- REQUIRED ACTION: Taking the listing below, restate word for word each line from the line with "#31 cardboard box <box>847,69,857,89</box>" to the line with "#48 cardboard box", ends included, and stop there.

- GIVEN INFORMATION:
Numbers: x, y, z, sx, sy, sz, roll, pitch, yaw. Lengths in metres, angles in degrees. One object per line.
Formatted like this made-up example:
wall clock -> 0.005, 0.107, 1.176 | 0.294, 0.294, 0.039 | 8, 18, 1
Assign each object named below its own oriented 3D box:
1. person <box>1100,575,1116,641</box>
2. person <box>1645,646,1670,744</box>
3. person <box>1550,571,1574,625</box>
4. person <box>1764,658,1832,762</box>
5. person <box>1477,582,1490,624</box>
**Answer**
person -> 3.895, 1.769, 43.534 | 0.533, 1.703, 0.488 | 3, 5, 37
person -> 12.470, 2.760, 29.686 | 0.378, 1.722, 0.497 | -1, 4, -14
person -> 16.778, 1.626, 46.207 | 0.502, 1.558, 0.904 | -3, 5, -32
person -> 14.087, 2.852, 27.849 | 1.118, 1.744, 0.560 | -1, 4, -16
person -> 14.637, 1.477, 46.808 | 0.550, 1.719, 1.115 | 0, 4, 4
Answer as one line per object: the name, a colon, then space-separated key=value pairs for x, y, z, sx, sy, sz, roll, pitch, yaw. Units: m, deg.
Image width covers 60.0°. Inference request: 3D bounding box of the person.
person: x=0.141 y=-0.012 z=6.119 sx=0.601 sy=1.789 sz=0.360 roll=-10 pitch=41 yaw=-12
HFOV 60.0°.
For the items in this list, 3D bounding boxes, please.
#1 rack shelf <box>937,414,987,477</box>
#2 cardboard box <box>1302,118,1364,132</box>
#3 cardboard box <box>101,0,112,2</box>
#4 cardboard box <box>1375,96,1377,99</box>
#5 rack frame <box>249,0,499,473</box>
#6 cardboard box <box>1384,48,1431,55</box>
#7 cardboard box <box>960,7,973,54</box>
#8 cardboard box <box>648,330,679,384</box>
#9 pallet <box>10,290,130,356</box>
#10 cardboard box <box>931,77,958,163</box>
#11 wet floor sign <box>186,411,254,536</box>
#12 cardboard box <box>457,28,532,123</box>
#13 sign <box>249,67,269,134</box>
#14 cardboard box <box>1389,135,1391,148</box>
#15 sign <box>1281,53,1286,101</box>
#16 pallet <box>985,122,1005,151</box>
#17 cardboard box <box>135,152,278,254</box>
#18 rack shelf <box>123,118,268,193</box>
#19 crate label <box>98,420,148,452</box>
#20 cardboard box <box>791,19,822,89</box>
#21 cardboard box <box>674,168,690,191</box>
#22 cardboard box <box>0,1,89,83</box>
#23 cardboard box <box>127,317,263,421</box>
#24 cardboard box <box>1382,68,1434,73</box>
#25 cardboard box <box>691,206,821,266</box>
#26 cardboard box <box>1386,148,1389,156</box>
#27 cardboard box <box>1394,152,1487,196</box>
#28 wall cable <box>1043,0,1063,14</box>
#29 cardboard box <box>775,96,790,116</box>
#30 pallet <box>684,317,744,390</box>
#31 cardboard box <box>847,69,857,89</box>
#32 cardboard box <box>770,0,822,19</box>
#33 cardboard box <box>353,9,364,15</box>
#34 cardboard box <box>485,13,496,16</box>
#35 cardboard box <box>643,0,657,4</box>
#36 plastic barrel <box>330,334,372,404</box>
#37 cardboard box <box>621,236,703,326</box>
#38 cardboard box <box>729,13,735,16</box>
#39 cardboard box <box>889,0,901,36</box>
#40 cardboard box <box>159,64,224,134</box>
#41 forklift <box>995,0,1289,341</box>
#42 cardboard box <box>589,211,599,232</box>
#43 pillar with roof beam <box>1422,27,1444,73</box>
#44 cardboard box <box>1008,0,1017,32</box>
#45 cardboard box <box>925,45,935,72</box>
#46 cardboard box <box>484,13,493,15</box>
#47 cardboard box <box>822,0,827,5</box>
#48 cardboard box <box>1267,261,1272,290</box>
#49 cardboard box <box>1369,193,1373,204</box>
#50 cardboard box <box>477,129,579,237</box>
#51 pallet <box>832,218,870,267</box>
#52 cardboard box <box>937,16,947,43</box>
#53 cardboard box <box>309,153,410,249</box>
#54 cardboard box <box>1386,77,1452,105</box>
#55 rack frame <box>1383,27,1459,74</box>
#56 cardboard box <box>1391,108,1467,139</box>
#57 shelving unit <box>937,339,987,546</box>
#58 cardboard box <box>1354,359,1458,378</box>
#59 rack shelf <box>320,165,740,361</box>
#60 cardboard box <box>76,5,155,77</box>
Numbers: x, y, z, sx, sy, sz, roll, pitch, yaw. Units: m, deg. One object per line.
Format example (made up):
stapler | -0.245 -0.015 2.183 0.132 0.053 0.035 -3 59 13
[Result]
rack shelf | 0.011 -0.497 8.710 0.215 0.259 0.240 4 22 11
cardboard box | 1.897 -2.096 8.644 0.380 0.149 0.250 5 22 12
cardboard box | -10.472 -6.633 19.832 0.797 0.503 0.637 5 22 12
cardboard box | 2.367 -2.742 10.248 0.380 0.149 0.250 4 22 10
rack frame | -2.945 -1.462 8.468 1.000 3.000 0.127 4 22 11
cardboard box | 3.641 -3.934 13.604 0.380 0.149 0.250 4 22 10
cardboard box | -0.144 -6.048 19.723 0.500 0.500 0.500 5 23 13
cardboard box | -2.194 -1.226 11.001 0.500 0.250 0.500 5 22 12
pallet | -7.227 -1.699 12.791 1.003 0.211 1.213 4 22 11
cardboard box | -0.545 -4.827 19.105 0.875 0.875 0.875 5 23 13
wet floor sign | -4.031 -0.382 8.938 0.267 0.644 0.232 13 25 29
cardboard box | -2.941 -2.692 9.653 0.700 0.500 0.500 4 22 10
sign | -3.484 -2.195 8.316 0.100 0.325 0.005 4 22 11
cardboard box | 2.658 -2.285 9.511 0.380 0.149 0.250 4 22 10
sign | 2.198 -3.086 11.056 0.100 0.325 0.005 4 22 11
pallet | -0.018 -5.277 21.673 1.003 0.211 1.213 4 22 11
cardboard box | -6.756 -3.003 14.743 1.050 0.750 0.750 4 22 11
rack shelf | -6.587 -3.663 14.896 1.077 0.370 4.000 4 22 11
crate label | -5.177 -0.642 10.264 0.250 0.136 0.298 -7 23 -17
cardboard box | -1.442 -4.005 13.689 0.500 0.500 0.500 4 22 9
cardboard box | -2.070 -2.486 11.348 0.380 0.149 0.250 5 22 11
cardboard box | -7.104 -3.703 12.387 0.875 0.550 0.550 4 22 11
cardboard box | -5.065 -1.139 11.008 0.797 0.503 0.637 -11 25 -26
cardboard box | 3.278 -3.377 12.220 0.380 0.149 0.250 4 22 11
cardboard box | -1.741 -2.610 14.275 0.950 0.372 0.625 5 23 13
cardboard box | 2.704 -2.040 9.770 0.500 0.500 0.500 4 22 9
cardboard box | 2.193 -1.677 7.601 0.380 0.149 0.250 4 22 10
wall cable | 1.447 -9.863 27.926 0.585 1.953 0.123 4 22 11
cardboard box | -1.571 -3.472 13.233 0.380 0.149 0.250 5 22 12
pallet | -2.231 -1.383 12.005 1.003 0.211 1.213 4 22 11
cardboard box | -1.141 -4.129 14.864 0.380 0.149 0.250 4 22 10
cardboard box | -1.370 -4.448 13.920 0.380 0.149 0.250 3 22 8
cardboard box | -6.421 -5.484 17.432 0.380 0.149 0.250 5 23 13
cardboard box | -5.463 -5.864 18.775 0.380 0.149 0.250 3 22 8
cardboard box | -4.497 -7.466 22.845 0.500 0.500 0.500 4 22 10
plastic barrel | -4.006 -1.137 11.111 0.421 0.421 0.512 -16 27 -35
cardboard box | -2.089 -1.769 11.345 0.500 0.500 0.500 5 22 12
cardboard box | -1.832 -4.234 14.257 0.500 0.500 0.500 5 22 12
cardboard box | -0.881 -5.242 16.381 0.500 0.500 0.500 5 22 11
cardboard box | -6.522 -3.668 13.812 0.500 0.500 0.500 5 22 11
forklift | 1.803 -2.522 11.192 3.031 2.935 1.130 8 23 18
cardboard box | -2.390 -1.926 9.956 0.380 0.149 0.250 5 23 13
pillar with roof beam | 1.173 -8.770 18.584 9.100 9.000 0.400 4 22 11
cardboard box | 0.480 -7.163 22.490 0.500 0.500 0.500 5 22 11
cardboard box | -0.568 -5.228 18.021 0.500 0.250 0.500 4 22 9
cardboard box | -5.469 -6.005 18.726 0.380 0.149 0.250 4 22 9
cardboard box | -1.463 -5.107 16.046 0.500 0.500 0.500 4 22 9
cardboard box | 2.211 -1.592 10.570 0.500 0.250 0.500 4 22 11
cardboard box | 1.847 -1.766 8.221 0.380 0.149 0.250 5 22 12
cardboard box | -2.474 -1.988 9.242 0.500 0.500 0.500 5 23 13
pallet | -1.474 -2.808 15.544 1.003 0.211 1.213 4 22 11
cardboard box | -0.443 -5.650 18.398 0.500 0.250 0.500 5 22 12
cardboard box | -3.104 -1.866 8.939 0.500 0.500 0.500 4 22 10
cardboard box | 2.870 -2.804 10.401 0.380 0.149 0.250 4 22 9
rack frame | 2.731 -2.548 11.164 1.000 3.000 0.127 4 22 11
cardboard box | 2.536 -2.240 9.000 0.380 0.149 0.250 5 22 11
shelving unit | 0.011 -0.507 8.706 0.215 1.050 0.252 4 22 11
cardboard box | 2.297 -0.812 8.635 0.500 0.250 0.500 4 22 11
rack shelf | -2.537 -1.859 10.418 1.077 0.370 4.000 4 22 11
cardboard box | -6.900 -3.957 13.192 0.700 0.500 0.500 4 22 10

- REPLY TO THE EXERCISE:
#31 cardboard box <box>847,69,857,89</box>
#32 cardboard box <box>770,0,822,19</box>
#33 cardboard box <box>353,9,364,15</box>
#34 cardboard box <box>485,13,496,16</box>
#35 cardboard box <box>643,0,657,4</box>
#36 plastic barrel <box>330,334,372,404</box>
#37 cardboard box <box>621,236,703,326</box>
#38 cardboard box <box>729,13,735,16</box>
#39 cardboard box <box>889,0,901,36</box>
#40 cardboard box <box>159,64,224,134</box>
#41 forklift <box>995,0,1289,341</box>
#42 cardboard box <box>589,211,599,232</box>
#43 pillar with roof beam <box>1422,27,1444,73</box>
#44 cardboard box <box>1008,0,1017,32</box>
#45 cardboard box <box>925,45,935,72</box>
#46 cardboard box <box>484,13,493,15</box>
#47 cardboard box <box>822,0,827,5</box>
#48 cardboard box <box>1267,261,1272,290</box>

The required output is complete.